Solo in rari momenti egli riesce a emergere e a imporsi. Così si determina di necessità una profonda differenza tra l'essere - quanto ciascuno
"sente" di se stesso - e l'apparire - il modo di vivere condizionato dalle consuetudini della società. L’uomo spesso è costretto a portare una
maschera, che toglie autenticità ai suoi gesti, ai suoi comportamenti. Egli così si adegua alla forma che la società gli vuole imporre, ma con
gravissime conseguenze sulla sua dimensione "vitale" più autentica. La problematica dell’ambiguità nasce dall’analisi rigorosa del rapporto tra
l’individuo, che è il risultato di un insieme di passioni, desideri, e cioè un flusso vitale in continuo mutamento (vita), e la dimensione sociale
con cui esso vive e con cui deve confrontarsi per acquisire una propria identità (forma). Tale tematica è presente nei romanzi di Luigi
Pirandello e nelle Novelle per un anno che disegnano un mondo caotico, in cui assume particolare risalto l’inautenticità della vita, la sofferenza
prodotta dalle strutture che limitano la libertà personale (in primo luogo la famiglia, vista come una forma di carcere e di tortura quotidiana).
L’individuo è quindi un flusso d’esistenza in continua trasformazione e perciò non può essere conosciuto non solo dagli altri, ma neppure da se
stesso. Ma per stabilire dei rapporti sociali l’individuo ha bisogno di apparire come punto di riferimento parzialmente stabile e identificabile, di
acquisire cioè una forma che lo rappresenti durevolmente agli occhi degli altri, e questa forma è una maschera fatta di convenzioni sociali, di
ruoli familiari e professionali, ma soprattutto dei giudizi e dei pregiudizi degli altri, spesso senza fondamento, ai quali però l’individuo è
costretto ad adeguarsi per raggiungere una certa riconoscibilità. Con questa operazione egli assume tutte le maschere necessarie che diventano
gabbie dalle quali è impossibile liberarsi. Nelle novelle la trama, realistica e paradossale al tempo stesso, mediante una sottolineatura spesso
crudele di elementi che possono suscitare il riso ma che conducono il lettore a partecipare intensamente alle vicende dei protagonisti, mette in
crisi l’osservazione piatta e scontata della condizione umana, cui si è di solito indotti dalla realtà. Per Pirandello l’individuo è “uno,
nessuno, centomila” ovvero uno per se stesso, centomila per gli altri, poiché ognuno lo vede in maniera diversa, e nessuno quando abbandona
tutte le forme ed è veramente se stesso.
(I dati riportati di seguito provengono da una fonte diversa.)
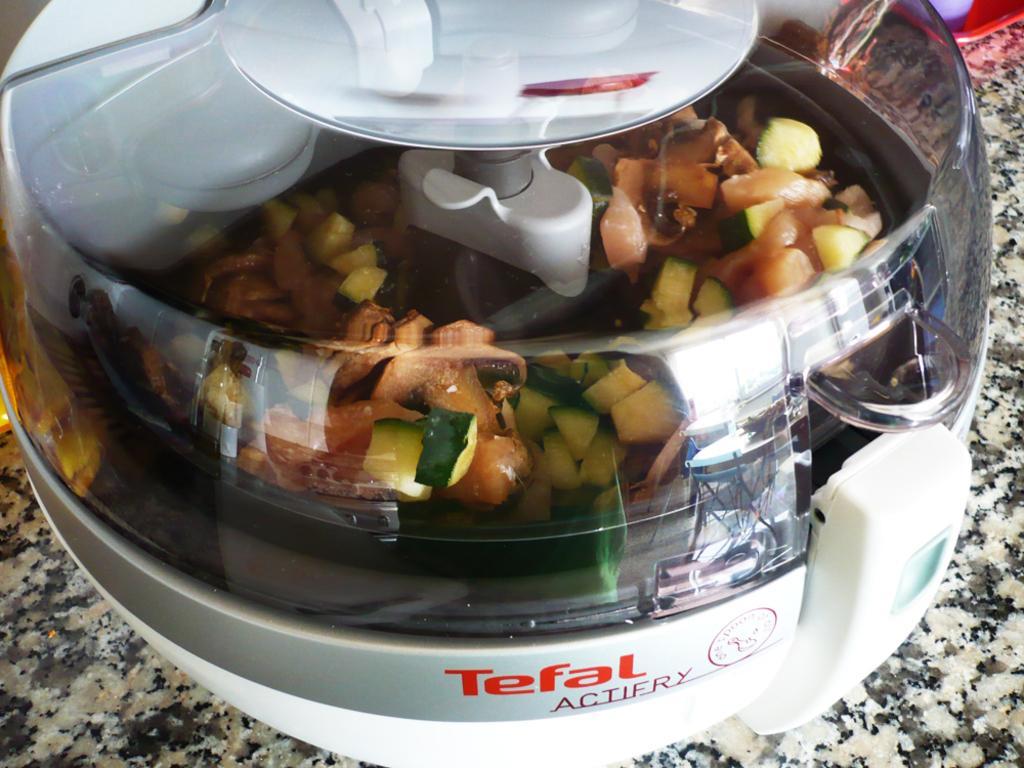Could you give a brief overview of what you see in this image? In this image there is a blender with some stuff.

In particolare il lavoro e la famiglia sono realtà opprimenti per i personaggi pirandelliani. Pirandello
adotta spesso una focalizzazione interna multipla per mostrare al lettore come la realtà sia soggettiva (ovvero come ognuno vede le cose a
suo modo) e non più oggettiva e univoca come si riteneva nell’Ottocento (basti pensare al Naturalismo che con la tecnica dell’impersonalità
mirava ad analizzare la realtà come si fa con un esperimento scientifico). Nel Novecento sono crollate, con la teoria della relatività, tutte le
certezze del Positivismo e l’uomo si sente sperduto, solo, “non sa più dire chi esso sia”.
Altro elemento cardine del pensiero dell'autore è il concetto di relativismo, ossia la certezza che non esiste una verità universale, ma che ogni
singolo individuo è portatore della "sua" verità, spesso sconosciuta agli altri, che non la possono pertanto comprendere e giudicano
comportamenti e azioni degli uomini solo dal loro limitatissimo punto di vista. Ne deriva il dramma dell'impossibilità di comunicare, in quanto
mancano comuni termini di riferimento. Un individuo spesso non conosce il dramma del suo simile, si limita a vedere un comportamento
esteriore, che pure giudica sulla base di categorie sue, non di quelle dell'altro, a lui sconosciute. Da qui la solitudine che avvolge i personaggi.
L'uomo è solo nell'avventura dolorosa della vita, spesso ritenuto pazzo quando in rari momenti ritrova se stesso, chiuso nelle sue ragioni, esposto
al rischio del ridicolo e dell'incomprensione.